At 4:00 a.m. on May 24, 2001, the mother was admitted to Labor and Delivery. Initial fetal heart rate measurements were noted to be in the 100-110 beat per minute range. The defendant physician arrived at 4:30 a.m. Shortly afterward, at 4:35 a.m., the fetal monitoring strips became non-reassuring. Oxygen was applied to the mother, and position change was employed. An internal fetal scalp electrode was not applied, and a good portion of the fetal monitoring strips thereafter were uninterpretable.
At 5:05 a.m., due to continuing concerns about the fetal heart rate, the defendant applied a vacuum extractor while the baby was at +2 station, with the vertex in the occiput position. At 5:22 a.m., the baby was delivered with a midline episiotomy under local anesthesia, with Apgar scores of 2/2/5 at 1/3/10 minutes. When the plaintiff was born, resuscitation was necessary, and she was intubated.
The plaintiff was diagnosed with metabolic acidosis and persistent pulmonary hypertension while admitted at the hospital. Additionally, she demonstrated irritability though fisting, clonus and bicycling movements.
Following discharge from the hospital, an MRI of the brain demonstrated findings consistent with the chronic phase of profound asphyxia. The plaintiff suffered from aspiration pneumonia and gastroesophageal reflux and failure to thrive and required the insertion of a gastronomy tube. She then went on to develop a spastic quadriplegia and developmental delay.
The plaintiffs contended that the defendant’s failure to employ an internal fetal scalp electrode was a breach of accepted standards of care, and prevented the defendant from knowing the true status of the baby’s condition, and led to an inappropriate decision to move forward with operative vaginal delivery rather than taking further resuscitative measures during labor and potential cesarean section.

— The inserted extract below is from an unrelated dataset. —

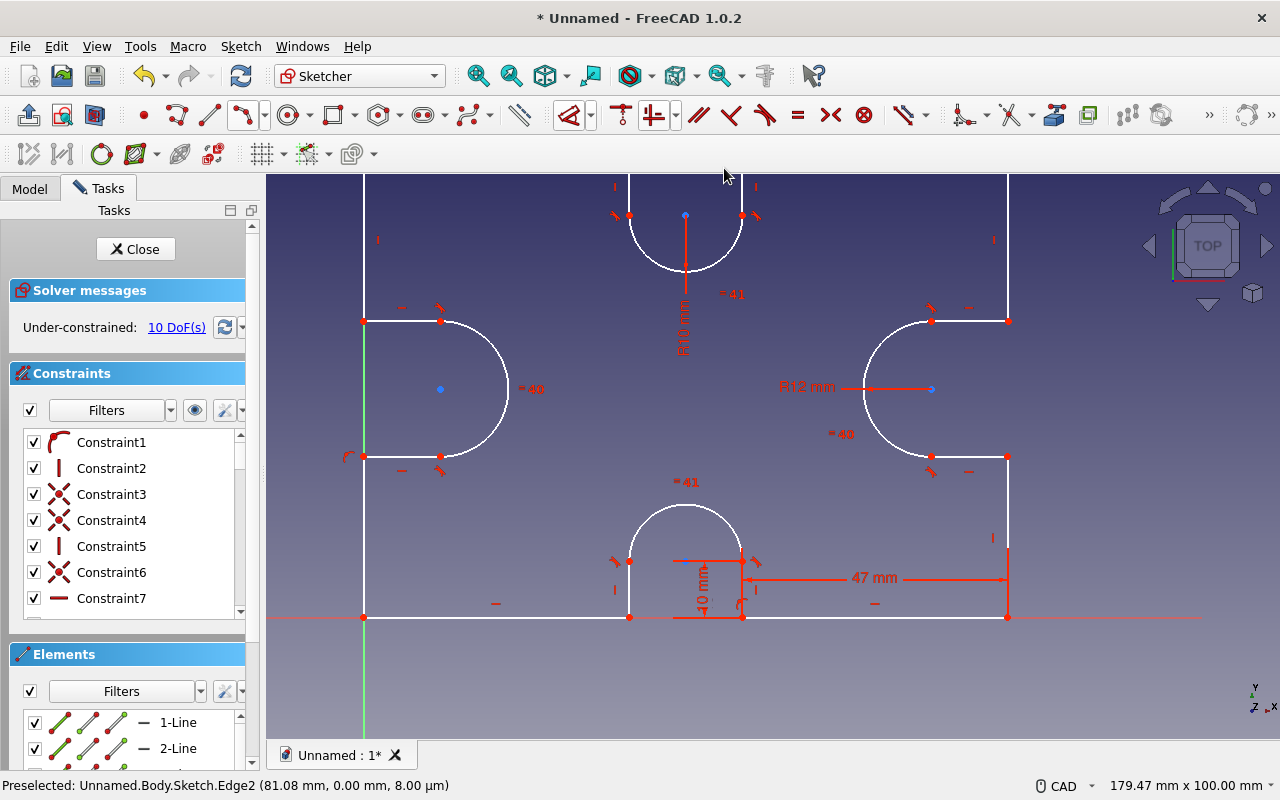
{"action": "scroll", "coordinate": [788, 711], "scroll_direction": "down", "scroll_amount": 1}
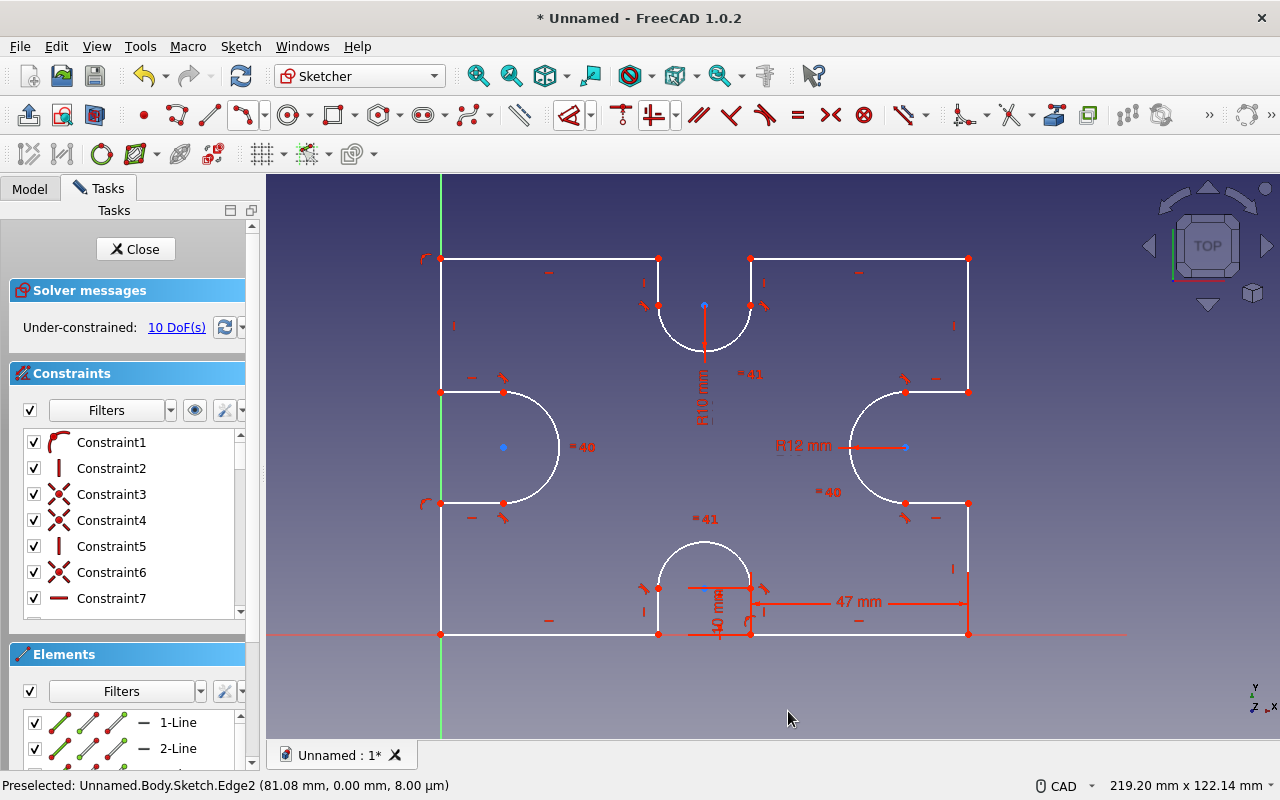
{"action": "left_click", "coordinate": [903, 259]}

The defense contended that the fetal tracings were intermittently reassuring, that the mother was combative during labor and that the extremely rapid pace of labor made the defendant’s anticipation of imminent vaginal delivery logical, and therefore his decision to forego a cesarean section was within accepted standards of medical care.
The case settled after parties and witnesses were deposed and expert reports were exchanged.